Buat lubang tanam pada media sapih dengan tugal kayu, sedalam perakaran bibit meranti.

Masukkan akar ke lubang tanam yang tersedia, kemudian tutup dan tekan dengan
perlahan.

Siram hingga kapasitas lapang.

Pelihara di dalam sungkup plastik di bedeng sapih (Gambar 7), hingga bibit cukup
beradaptasi, selanjutnya sungkup dapat di buka.

3.5 Pemeliharaan bibit


Bibit dipelihara di persemaian hingga mencapai tinggi 30-50 cm, atau kurang lebih 2-3 bulan.
Setelah itu, bibit siap ditanam di lapangan.
Pemeliharaan bibit di persemaian meliputi:
a. Pemupukan. Bila tidak dilakukan inokulasi mikoriza, berikan pupuk dasar (NPK) pada bibit di
persemaian, dengan dosis 2 g/bibit.
b. Pengendalian hama dan penyakit. Hama dan penyakit yang umum dijumpai di persemaian
adalah:

Ulat kantong (Cryotothelea sp.) dan ulat bulu (Dasychira sp.) yang menyerang daun.

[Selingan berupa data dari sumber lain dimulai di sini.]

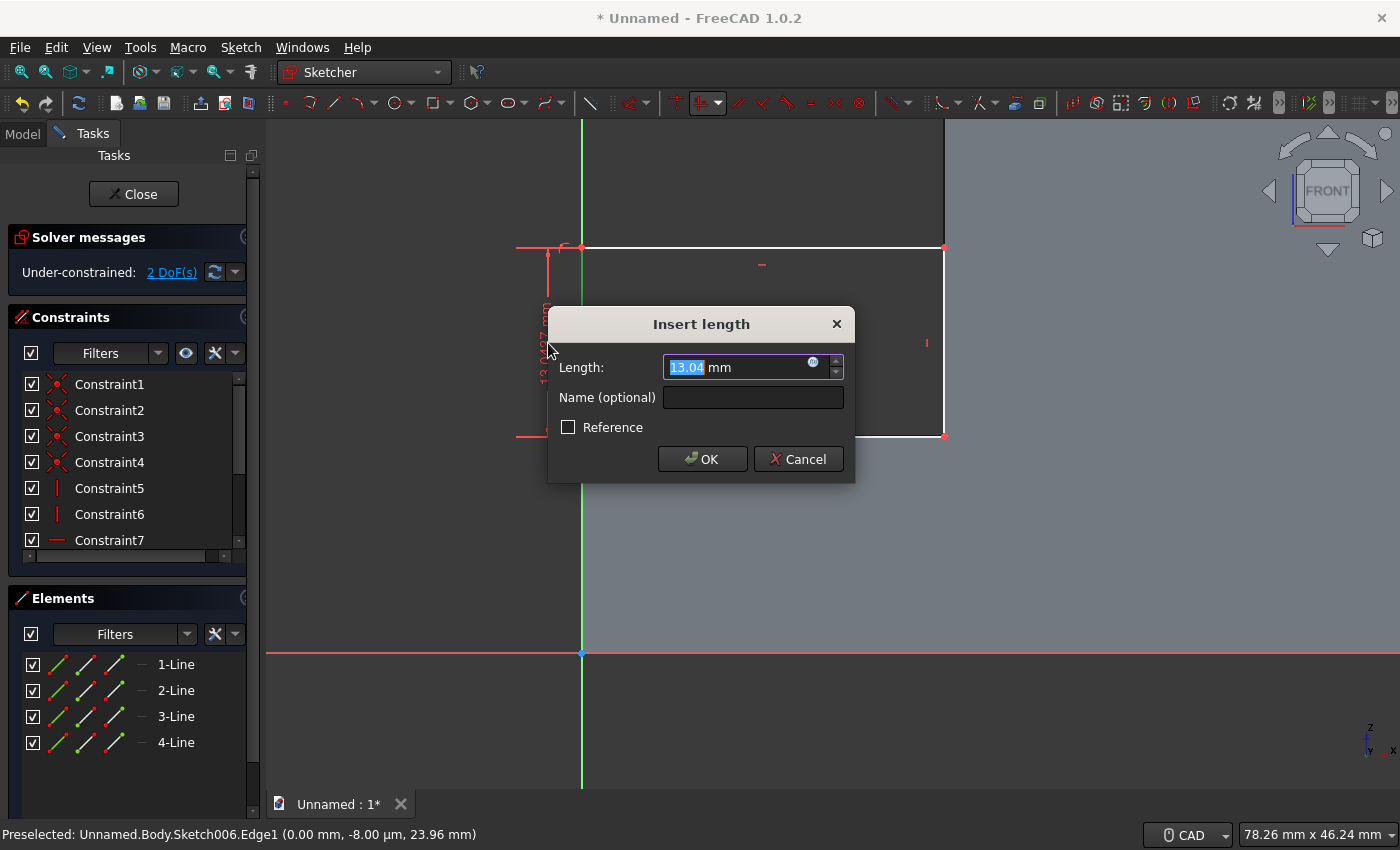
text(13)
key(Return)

Hama penggerek batang (larva Scolytidae).

Penyakit lodoh (damping off).

Penyakit tumor pucuk disebabkan oleh virus yang disebarkan oleh serangga Arachnidae.

Penyakit kerdil disebabkan oleh mikoplasma. Gejalanya: tumbuh kalus yang menumpuk
seperti bola-bola kecil di ketiak cabang atau ranting muda.

Penyakit mati pucuk (die back) yang disebabkan oleh jamur. Gejala: kematian pada
pucuk menyebar ke bawah.

Penyakit busuk daun (hawar/leaf blight), dengan gejala: kematian sel daun mulai dari
ujung daun hingga ke tengah helaian daun. Bila serangan hama/penyakit cukup tinggi,
bibit dapat disemprot dengan insektisida atau fungisida, sesuai dengan dosis yang
dianjurkan pada kemasan. (Contoh: Benomyl, Benlate).